Benchmark	Metric	Baseline	This Paper	Δ
WebWeaver outperforms all proprietary and open-source baselines on DeepResearch Bench, particularly in citation accuracy.
DeepResearch Bench	Overall Score	48.24	52.88	+4.64
DeepResearch Bench	Citation Accuracy (C. Acc.)	82.52	93.37	+10.85
DeepResearch Bench	Comprehensiveness	46.12	50.82	+4.70
DeepConsult	Win Rate	50.00	66.86	+16.86
DeepResearchGym	Average Score	92.03	96.77	+4.74
Ablation studies demonstrate the critical role of the hierarchical writer over brute-force generation.
DeepResearch Bench	Citation Accuracy	86.73	93.37	+6.64
DeepResearch Bench	Insight	42.72	50.02	+7.30
Finetuning a smaller model (Qwen3-30B) on WebWeaver-3k data yields massive improvements, approaching expert performance.
DeepResearch Bench	Citation Accuracy	25.00	85.90	+60.90

Experiment Figures

Impact of outline optimization rounds on DeepResearch Bench scores.

Context token usage comparison between Hierarchical Writer and Brute-force Writer.

Main Takeaways

Iterative Outline Optimization works: Later-round outlines achieve near-perfect depth/breadth scores, proving that co-evolving search and planning is superior to static planning.
Hierarchical Writing solves context limits: By processing one section at a time with only relevant evidence, the writer avoids 'lost-in-the-middle' issues and drastically improves citation accuracy.
Agentic skills are learnable: A 30B model finetuned on trajectories generated by the framework (WebWeaver-3k) recovered expert-level behaviors, particularly in tool use and citation grounding.

📚 Prerequisite Knowledge

Prerequisites

Agentic workflows (ReAct)
Retrieval-Augmented Generation (RAG)
Context window limitations (Lost-in-the-middle phenomenon)

Key Terms

OEDR: Open-Ended Deep Research—complex challenges where agents synthesize vast web-scale information into reports.

Planner: An agent role responsible for iteratively searching the web and optimizing the report outline based on findings.

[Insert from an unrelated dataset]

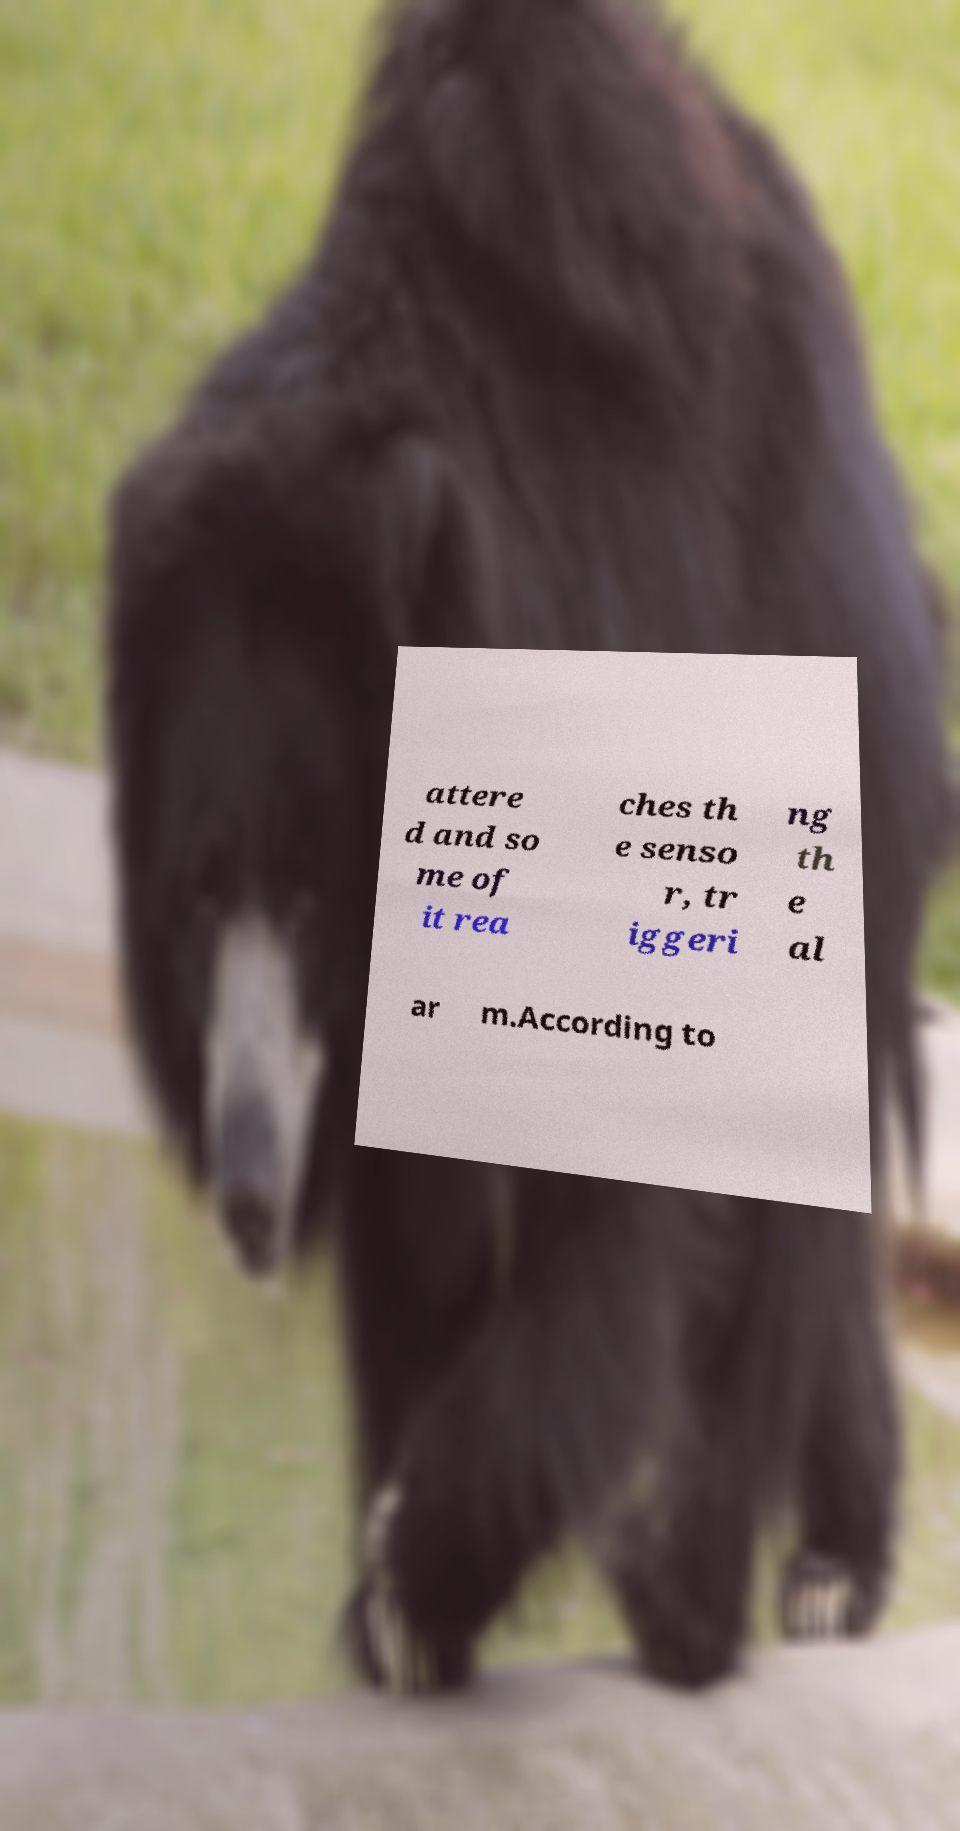Can you read and provide the text displayed in the image?This photo seems to have some interesting text. Can you extract and type it out for me? attere d and so me of it rea ches th e senso r, tr iggeri ng th e al ar m.According to 
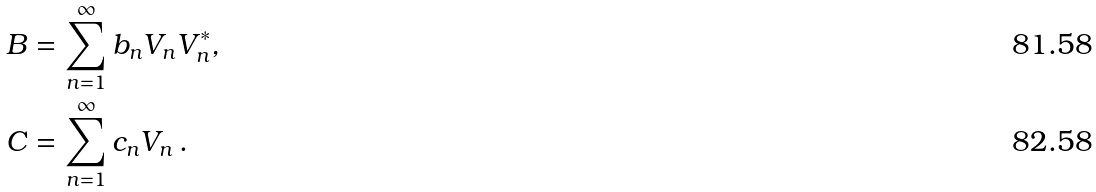Convert formula to latex. <formula><loc_0><loc_0><loc_500><loc_500>B & = \sum _ { n = 1 } ^ { \infty } b _ { n } V _ { n } V _ { n } ^ { * } , \\ C & = \sum _ { n = 1 } ^ { \infty } c _ { n } V _ { n } \, .</formula>

Writer: An agent role responsible for retrieving specific evidence for each outline section and generating text.

RACE: A metric suite for Report Quality assessing Comprehensiveness, Insight, Instruction-Following, and Readability.

FACT: A metric suite for Web Retrieval assessing Citation Accuracy and Average Effective Citations.

Lost-in-the-middle: A phenomenon where LLMs fail to retrieve or use information located in the middle of a long input context.

SFT: Supervised Fine-Tuning—training a model on a labeled dataset to improve specific capabilities.

Contextual Bleeding: When information from one section of a text generation task incorrectly influences or merges with the synthesis of another section.